Table of Contents

Re-ranking & Retrieval Tuning

📍 Question Answering Pipeline: Query Rewriting → Embedding → Filtering → RetrievalRe-ranking → Context Build

Why Re-ranking?

Vector search returns candidates sorted by embedding similarity, but embedding similarity is an approximation. A chunk that scores 0.82 might actually be more relevant than one scoring 0.85 — the embedding just couldn't tell them apart.

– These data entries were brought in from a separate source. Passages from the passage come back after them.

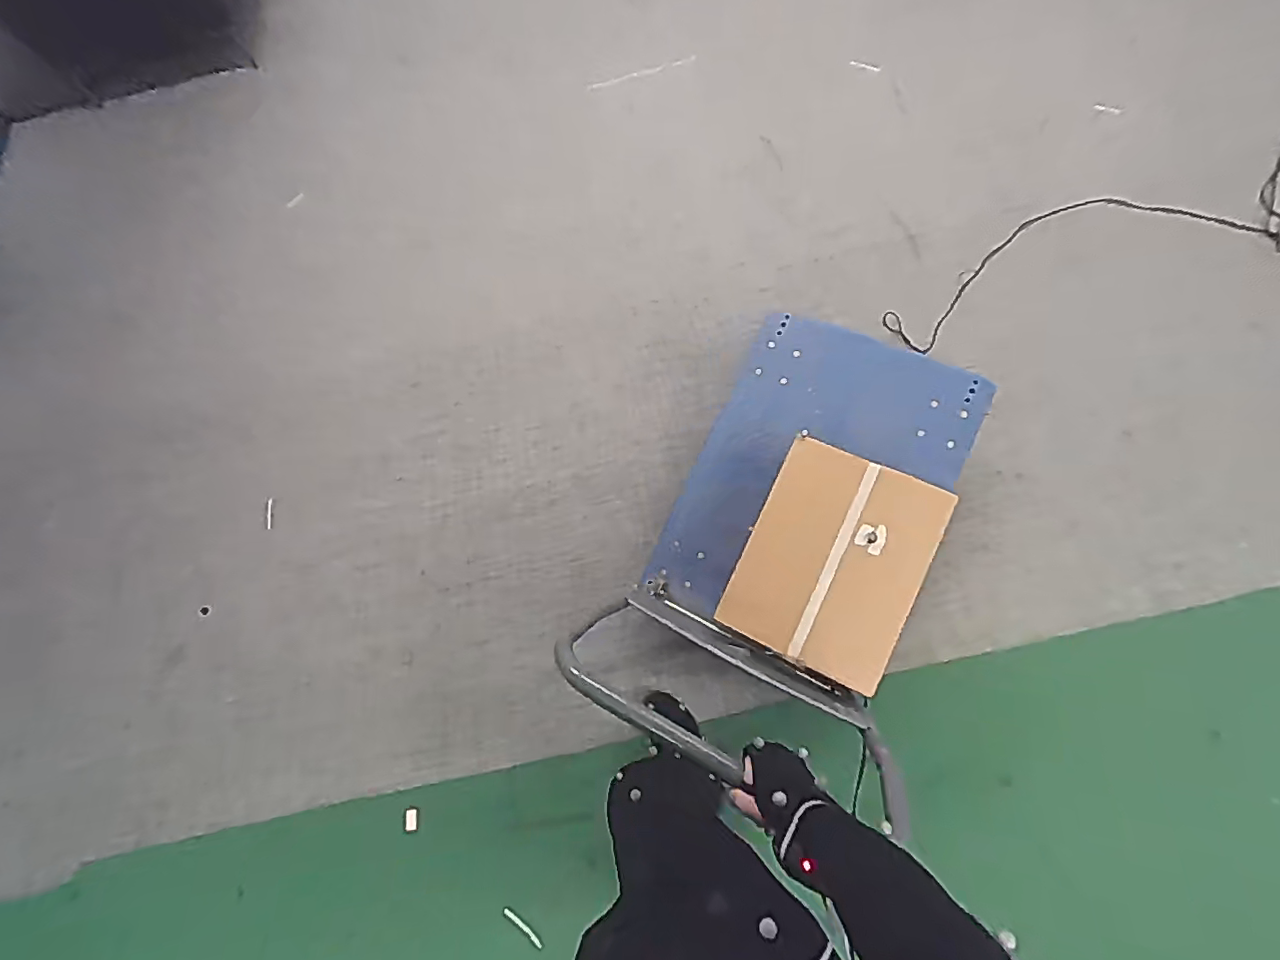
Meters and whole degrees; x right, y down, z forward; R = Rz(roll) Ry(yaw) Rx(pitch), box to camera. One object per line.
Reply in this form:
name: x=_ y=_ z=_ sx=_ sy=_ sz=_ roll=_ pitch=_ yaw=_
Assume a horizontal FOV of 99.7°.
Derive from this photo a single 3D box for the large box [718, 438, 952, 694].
large box: x=0.398 y=0.182 z=1.171 sx=0.320 sy=0.320 sz=0.408 roll=25 pitch=85 yaw=15
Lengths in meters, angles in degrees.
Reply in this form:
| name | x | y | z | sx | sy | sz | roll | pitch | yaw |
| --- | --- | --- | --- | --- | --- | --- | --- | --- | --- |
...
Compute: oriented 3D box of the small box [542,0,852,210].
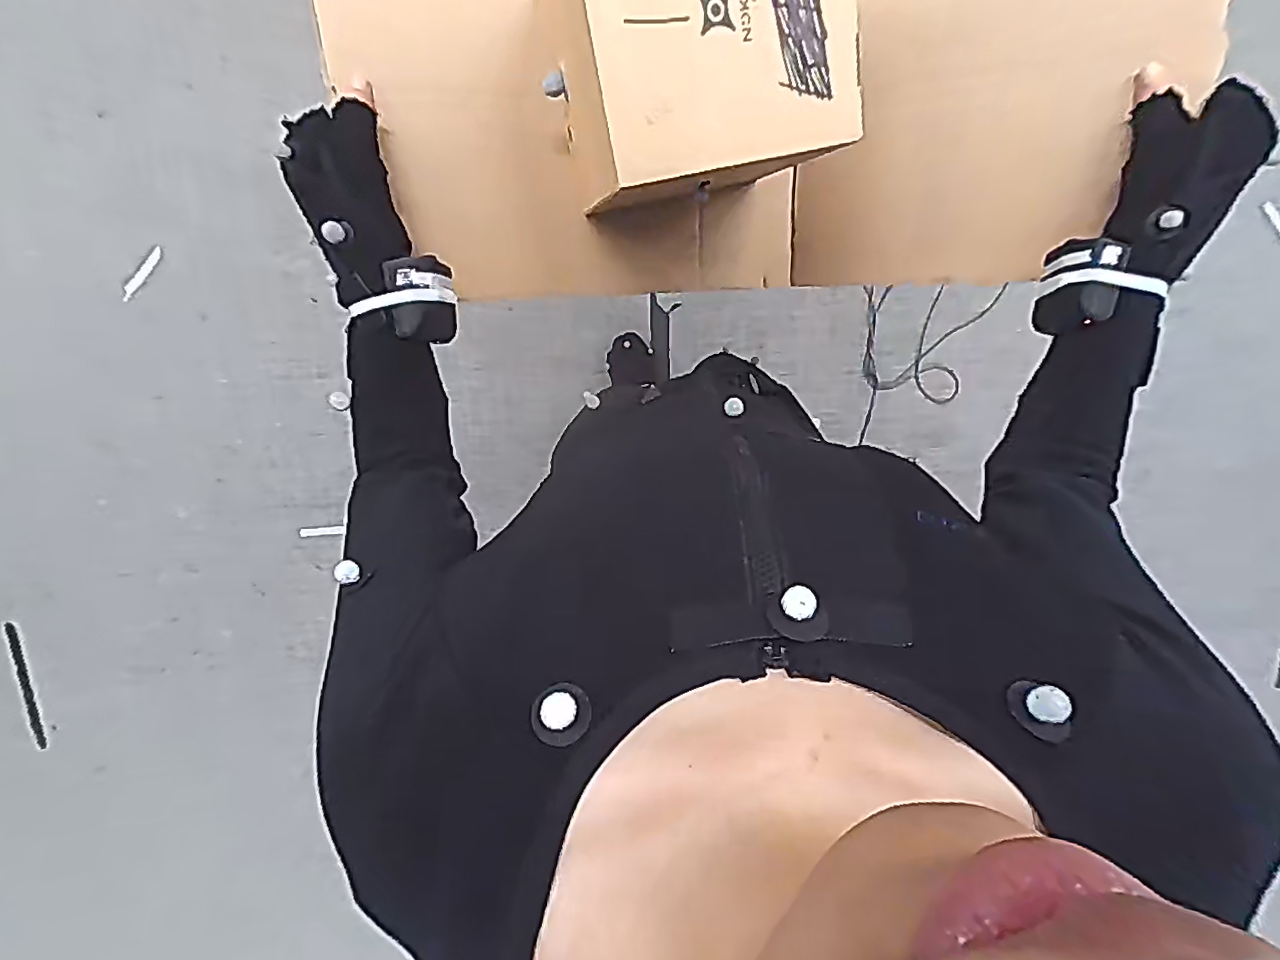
| name | x | y | z | sx | sy | sz | roll | pitch | yaw |
| --- | --- | --- | --- | --- | --- | --- | --- | --- | --- |
| small box | 0.034 | -0.315 | 0.409 | 0.179 | 0.176 | 0.168 | -15 | 113 | -8 |
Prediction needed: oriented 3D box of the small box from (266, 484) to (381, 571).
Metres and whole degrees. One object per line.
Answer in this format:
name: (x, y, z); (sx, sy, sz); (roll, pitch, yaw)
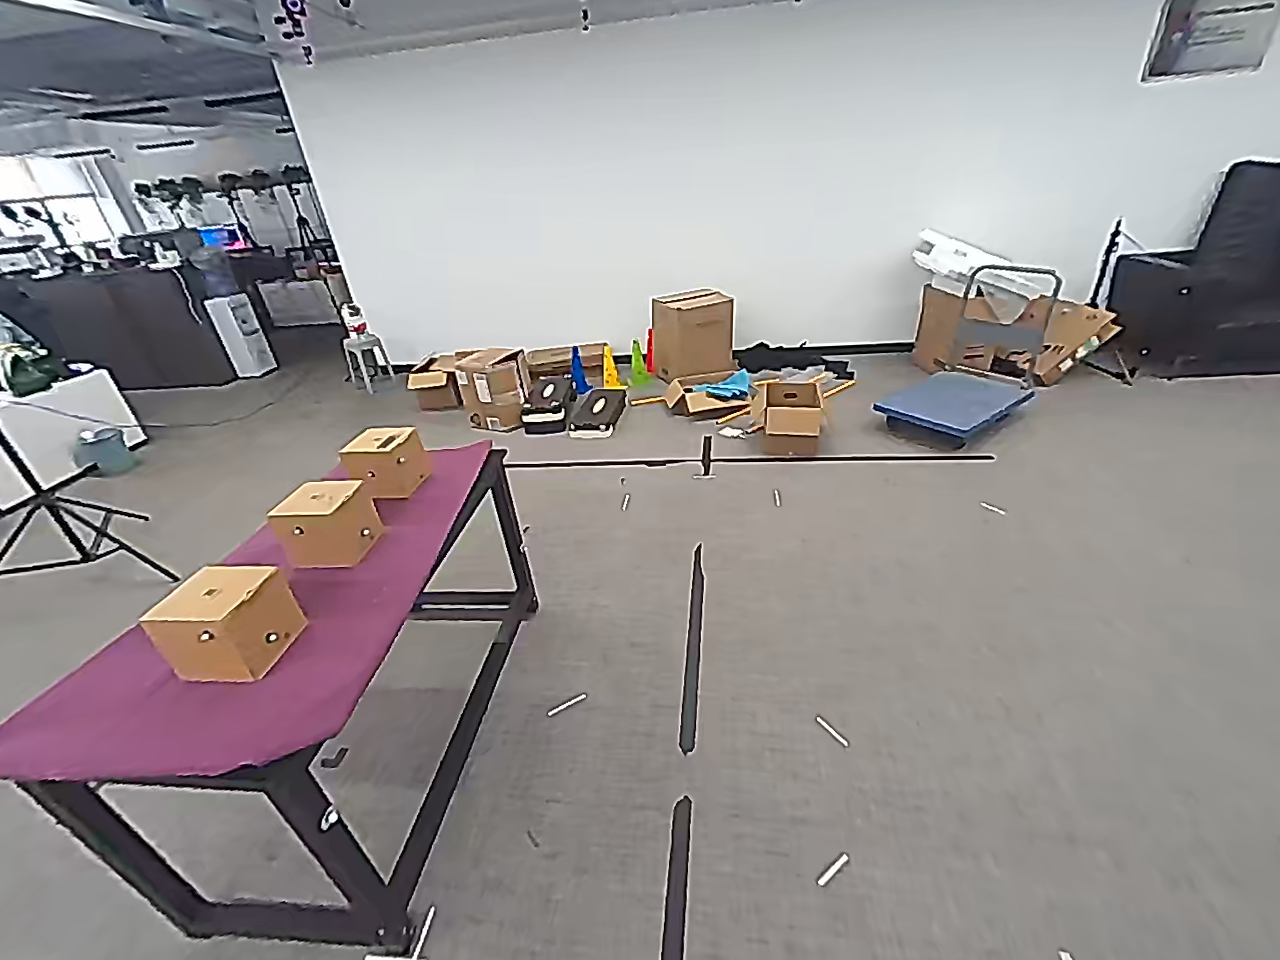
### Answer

A re-ranker takes the initial candidate list and scores each chunk against the original query with a more powerful model, producing a much more accurate relevance ordering. This is especially valuable when:

  • Your corpus contains many similar-looking chunks (e.g. FAQ entries)
  • The top results from vector search feel "close but not quite right"
  • You need high-precision answers for critical use cases

Re-ranker Options

LLM Reranker

Uses your AI service to score results. Effective but adds latency:

.WithRag(rag => rag
    .WithReranker(new LlmReranker(aiService))
    .AddDocument("corpus.txt")
)

Cohere Reranker

Calls the Cohere Rerank API — fast and accurate:

.WithRag(rag => rag
    .WithReranker(new CohereReranker(cohereApiKey))
    .AddDocument("corpus.txt")
)

vLLM Reranker

Uses a locally hosted vLLM reranking endpoint:

.WithRag(rag => rag
    .WithReranker(new VllmReranker("http://localhost:8000"))
    .AddDocument("corpus.txt")
)

Retrieval Parameters

Control how many candidates are retrieved and how they are filtered before final selection:

.WithRag(rag => rag
    .WithTopK(5)                   // Final number of chunks returned
    .WithRetrievalMultiplier(3)    // Retrieve topK × 3 candidates (for reranking)
    .WithMinScore(0.6)             // Minimum similarity score
    .AddDocument("corpus.txt")
)
  • TopK — how many chunks end up in the LLM context
  • RetrievalMultiplier — cast a wider net so the reranker has more to work with. A multiplier of 3 means 15 candidates are fetched, then the best 5 survive reranking.
  • MinScore — discard anything below this similarity threshold, even if fewer than TopK chunks remain

Final Selection Mode

When a reranker is used, choose how the final ranking score is calculated:

using Mythosia.AI.Rag;

// Default: trust reranker scores only
.WithFinalSelectionPolicy(RagFinalSelectionMode.RerankerOnly)

// Blend retrieval score and reranker score
.WithFinalSelectionPolicy(RagFinalSelectionMode.WeightedBlend, retrievalWeight: 0.65)  // 65% retrieval, 35% reranker

RerankerOnly is the safe default — the reranker's judgment completely replaces the initial retrieval score.

WeightedBlend preserves the original retrieval signal while incorporating reranker judgment. This can help when your vector embeddings are already high-quality and you want the reranker to act as a tiebreaker rather than a full override.